Aníbal Pinto desiste de candidatura à Câmara do Porto pelo Nova Direita

Aníbal Pinto desiste de candidatura à Câmara do Porto pelo Nova Direita
| Porto
Porto Canal/Agências

O advogado Aníbal Pinto anunciou esta segunda-feira, nas suas redes sociais, ter desistido da sua candidatura à Câmara do Porto como cabeça de lista pelo partido Nova Direita, alegando falta de autonomia nas listas e no programa da candidatura.

“Quando aceitei ser candidato pelo partido Nova Direita, exigi ser independente, não filiado e ter total autonomia nas listas, no programa e na minha candidatura”, começou por relatar Aníbal Pinto num vídeo publicado na sua página na rede social Instagram.

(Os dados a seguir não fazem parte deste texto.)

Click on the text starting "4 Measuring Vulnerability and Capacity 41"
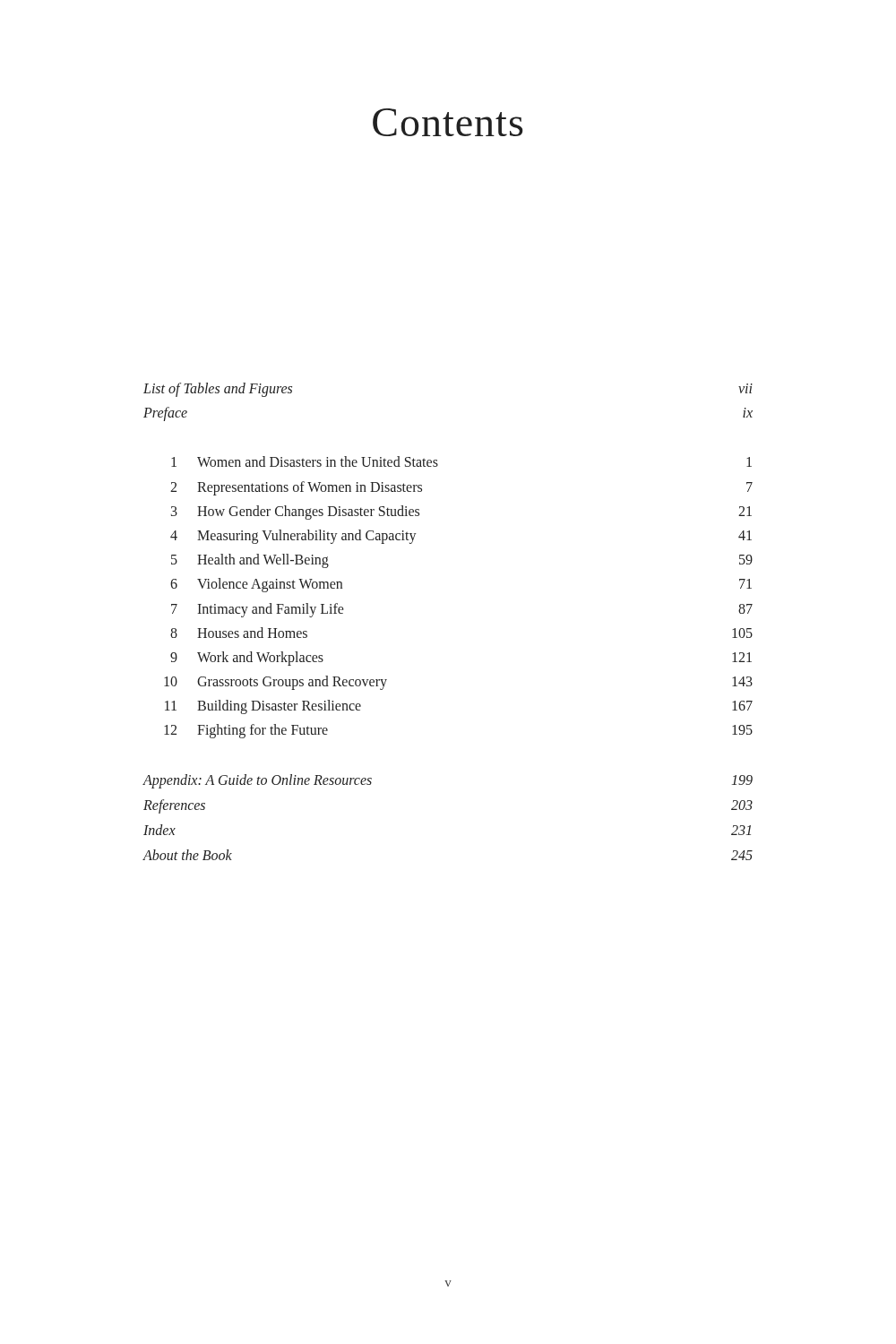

O advogado afirmou que sempre defendeu que o Porto “não deve estar submisso nem prestar a vassalagem a Lisboa e que não pode estar dependente de qualquer interesse de qualquer partido”.

“E, portanto, em total coerência com a minha dignidade, não posso aceitar eu mesmo estar dependente seja do partido que for para lutar - como sempre estive disponível - pela cidade que amo e pelos portugueses”, atirou.

A Lusa tentou contactar Aníbal Pinto e o Nova Direita para perceber se vão manter a candidatura à Câmara do Porto com um novo cabeça de lista, mas sem sucesso.

Na apresentação da sua candidatura, a 7 de junho, um drone fez ‘chover’ uma quantidade indeterminada de notas de cinco euros sobre os apoiantes que se juntaram na Avenida dos Aliados e o advogado prometeu que a iniciativa voltaria a acontecer.

A largada de notas valeu-lhe uma queixa no Ministério Público, remetida pela Comissão Nacional de Eleições (CNE). O episódio, revelou à data à Lusa o porta-voz da CNE, André Wemans, deu origem a uma queixa anónima, que a comissão analisou em plenário, tendo este decidido, uma vez que a situação denunciada ocorreu fora do período de campanha eleitoral, pois as eleições ainda não foram marcadas, que não pode avaliar o sucedido.

Questionada sobre a largada de dinheiro, a presidente da Nova Direita, Ossanda Líber recusou à data ser uma forma de comprar votos: “Como assim comprar votos? Olha, se tiver um ‘outdoor’ na rua a dizer, ‘olha, vou reduzir em 10% o IVA’, é dinheiro na mesma, não é?”, argumentou.

No seu programa, Aníbal Pinto tinha propostas como a venda, por parte da autarquia, de “todas as suas casas sociais, permitindo a quem mora nessas casas que possa comprá-las por valores simbólicos de 20 ou 30 mil euros" com a câmara como fiadora e ainda o aumento da taxa turística para os cinco euros por noite.

No capítulo da segurança, o candidato queria “polícias gratificados nos sítios que sejam necessários” e quanto à mobilidade, para além de transportes gratuitos para os portuenses, Aníbal Pinto disse acreditar que a a solução para tirar os carros da cidade era a criação de “uma portagem urbana” para quem visita a cidade.

Concorrem à Câmara Municipal do Porto Manuel Pizarro (PS), Diana Ferreira (CDU – coligação PCP/PEV), Nuno Cardoso (Porto Primeiro - coligação NC/PPM), Pedro Duarte (PSD/IL/CDS-PP), Sérgio Aires (BE), o atual vice-presidente Filipe Araújo (movimento independente), António Araújo (movimento independente), Alexandre Guilherme Jorge (Volt), Hélder Sousa (Livre), Miguel Corte-Real (Chega) e Frederico Duarte Carvalho (ADN).

O atual executivo é composto por uma maioria de seis eleitos do movimento de Rui Moreira e uma vereadora independente, sendo os restantes dois eleitos do PS, dois do PSD, um da CDU e um do BE.

As eleições autárquicas estão marcadas para 12 de outubro.

O prazo para entrega das listas nos respetivos tribunais de comarca termina esta segunda-feira às 18h00.